L’auteur aborde la question de la poursuite actuelle de l’évolution, pour affirmer qu’elle est probablement plus rapide qu’hier, d’abord parce que la population a augmenté (donc la possibilité de mutations favorables), ensuite en raison de changements rapides de l’environnement. Il estime ainsi que les très longues traversées dues à la traite négrière ou celles qui ont conduit à la colonisation des iles polynésiennes ont sélectionné des personnes capables d’accumuler des réserves, ce qui pourrait expliquer aujourd’hui la forte prévalence à l’hypertension chez les afro américains ou celle de l’obésité dans les populations polynésiennes. Selon un anthropologue, l’augmentation actuelle d’affections comme l’autisme, la schizophrénie, les allergies, l’asthme ou les maladies auto-immunes représenterait le désavantage de changements génétiques qui furent des avantages dans d’autres circonstances.
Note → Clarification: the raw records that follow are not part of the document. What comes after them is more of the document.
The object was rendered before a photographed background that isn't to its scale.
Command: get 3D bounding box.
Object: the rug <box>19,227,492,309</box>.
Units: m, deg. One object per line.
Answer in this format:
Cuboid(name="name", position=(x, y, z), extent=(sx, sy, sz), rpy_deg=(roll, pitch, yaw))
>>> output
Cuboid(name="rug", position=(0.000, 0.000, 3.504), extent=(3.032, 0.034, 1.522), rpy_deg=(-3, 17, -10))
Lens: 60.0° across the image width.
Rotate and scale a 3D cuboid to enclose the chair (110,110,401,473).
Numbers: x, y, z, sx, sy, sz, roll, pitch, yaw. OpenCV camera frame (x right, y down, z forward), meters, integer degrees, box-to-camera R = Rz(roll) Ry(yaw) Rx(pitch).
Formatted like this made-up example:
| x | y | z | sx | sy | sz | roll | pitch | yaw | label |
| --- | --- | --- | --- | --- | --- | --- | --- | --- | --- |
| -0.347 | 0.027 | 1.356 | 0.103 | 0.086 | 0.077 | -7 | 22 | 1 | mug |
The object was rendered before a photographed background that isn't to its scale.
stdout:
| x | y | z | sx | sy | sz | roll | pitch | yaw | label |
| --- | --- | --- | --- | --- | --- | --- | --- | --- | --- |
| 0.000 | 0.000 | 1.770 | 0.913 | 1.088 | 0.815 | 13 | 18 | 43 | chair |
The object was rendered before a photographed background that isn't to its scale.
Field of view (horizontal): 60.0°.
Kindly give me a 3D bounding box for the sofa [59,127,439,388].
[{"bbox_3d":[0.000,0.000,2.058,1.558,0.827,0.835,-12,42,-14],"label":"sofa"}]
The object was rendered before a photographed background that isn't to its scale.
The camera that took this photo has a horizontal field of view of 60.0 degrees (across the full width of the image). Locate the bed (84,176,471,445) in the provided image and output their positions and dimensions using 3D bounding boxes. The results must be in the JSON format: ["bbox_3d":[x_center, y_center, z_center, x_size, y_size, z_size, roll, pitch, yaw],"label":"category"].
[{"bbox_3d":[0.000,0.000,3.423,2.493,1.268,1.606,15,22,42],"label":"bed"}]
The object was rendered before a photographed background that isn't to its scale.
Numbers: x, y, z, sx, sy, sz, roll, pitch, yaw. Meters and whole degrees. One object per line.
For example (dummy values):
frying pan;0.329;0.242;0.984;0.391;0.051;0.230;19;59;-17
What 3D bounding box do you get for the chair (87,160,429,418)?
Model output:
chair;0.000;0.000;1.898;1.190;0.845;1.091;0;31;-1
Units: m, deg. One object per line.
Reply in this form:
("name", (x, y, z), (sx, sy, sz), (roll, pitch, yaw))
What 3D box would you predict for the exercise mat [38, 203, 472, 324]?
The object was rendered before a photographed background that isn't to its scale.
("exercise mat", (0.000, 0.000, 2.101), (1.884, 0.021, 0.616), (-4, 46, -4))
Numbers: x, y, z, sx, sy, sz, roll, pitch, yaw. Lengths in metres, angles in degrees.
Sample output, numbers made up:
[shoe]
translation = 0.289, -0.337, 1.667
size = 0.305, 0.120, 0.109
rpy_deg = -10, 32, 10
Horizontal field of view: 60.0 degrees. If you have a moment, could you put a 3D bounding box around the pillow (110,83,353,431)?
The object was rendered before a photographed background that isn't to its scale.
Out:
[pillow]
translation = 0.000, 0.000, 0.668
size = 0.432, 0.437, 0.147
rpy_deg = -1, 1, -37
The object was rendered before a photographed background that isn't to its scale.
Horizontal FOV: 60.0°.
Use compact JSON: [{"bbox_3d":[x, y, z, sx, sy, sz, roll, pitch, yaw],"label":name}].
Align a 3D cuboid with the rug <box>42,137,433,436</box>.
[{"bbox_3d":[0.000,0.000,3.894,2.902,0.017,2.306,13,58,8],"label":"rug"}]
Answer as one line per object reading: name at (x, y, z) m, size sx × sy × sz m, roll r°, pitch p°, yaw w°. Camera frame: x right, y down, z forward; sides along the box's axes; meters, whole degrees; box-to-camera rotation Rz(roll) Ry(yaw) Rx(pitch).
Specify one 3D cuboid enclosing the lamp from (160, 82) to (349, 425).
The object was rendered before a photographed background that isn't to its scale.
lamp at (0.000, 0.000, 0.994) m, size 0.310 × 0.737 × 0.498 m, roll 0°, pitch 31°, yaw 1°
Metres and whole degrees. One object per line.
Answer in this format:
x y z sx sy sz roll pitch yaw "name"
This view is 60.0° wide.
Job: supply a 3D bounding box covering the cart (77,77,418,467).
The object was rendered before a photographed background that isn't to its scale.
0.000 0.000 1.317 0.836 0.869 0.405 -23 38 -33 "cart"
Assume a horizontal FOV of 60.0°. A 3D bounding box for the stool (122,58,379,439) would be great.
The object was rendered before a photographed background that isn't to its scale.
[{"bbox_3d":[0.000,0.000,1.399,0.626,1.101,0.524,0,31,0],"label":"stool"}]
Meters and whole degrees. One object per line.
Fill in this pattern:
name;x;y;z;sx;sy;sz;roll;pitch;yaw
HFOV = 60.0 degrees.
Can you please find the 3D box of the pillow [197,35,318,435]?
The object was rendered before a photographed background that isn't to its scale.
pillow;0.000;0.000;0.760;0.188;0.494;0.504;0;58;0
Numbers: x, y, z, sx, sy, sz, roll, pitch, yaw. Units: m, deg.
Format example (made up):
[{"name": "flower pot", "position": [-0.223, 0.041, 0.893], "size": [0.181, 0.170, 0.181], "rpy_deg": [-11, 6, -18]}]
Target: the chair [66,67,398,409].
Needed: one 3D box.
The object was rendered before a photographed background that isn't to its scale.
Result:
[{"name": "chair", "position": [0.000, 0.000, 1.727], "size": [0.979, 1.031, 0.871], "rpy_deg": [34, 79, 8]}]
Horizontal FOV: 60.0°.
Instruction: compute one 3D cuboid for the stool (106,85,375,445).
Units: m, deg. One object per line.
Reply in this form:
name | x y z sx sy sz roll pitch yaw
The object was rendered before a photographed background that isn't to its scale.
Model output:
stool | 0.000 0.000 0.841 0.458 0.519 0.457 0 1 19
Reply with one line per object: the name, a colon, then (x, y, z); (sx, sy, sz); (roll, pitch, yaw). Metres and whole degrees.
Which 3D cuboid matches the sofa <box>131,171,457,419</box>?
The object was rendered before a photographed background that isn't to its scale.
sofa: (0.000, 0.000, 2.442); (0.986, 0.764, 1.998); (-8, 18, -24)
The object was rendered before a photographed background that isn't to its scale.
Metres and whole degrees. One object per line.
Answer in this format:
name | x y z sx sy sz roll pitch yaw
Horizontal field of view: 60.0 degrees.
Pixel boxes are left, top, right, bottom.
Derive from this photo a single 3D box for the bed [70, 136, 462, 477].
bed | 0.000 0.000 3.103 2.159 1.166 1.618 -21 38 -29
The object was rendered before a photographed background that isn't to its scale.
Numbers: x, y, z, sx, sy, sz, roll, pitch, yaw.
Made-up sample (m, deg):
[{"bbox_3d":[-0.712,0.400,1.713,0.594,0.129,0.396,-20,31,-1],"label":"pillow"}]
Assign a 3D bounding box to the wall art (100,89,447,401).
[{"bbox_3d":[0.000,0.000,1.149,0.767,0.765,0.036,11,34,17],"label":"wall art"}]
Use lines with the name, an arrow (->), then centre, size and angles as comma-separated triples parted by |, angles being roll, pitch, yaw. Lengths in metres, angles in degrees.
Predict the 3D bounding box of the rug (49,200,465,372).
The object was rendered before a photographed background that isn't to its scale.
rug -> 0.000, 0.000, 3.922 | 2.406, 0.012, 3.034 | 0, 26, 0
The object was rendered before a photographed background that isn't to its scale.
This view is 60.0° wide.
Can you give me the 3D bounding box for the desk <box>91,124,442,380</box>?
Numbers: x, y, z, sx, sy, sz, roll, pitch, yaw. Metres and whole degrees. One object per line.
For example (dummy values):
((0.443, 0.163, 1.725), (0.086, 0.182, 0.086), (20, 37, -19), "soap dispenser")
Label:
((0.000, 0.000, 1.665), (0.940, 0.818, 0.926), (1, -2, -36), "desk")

La question de la couleur de la peau est un exemple du caractère ambivalent en soi d’une mutation, qui se révèle un avantage ou un désavantage selon les conditions de l’environnement. Nos ancêtres africains avaient très certainement la peau noire, ce qui les protégeaient des conséquences de l’exposition aux UV (augmentation de la destruction de l’acide folique et multiplication des cancers de la peau) mais en cas de faible ensoleillement la peau noire provoque un risque de déficience en vitamine D (ce qui entraîne du rachitisme), ce qui explique que la mutation vers une peau blanche ait pu se propager dans les pays européens, d’après l’auteur il y a moins de 15 000 ans.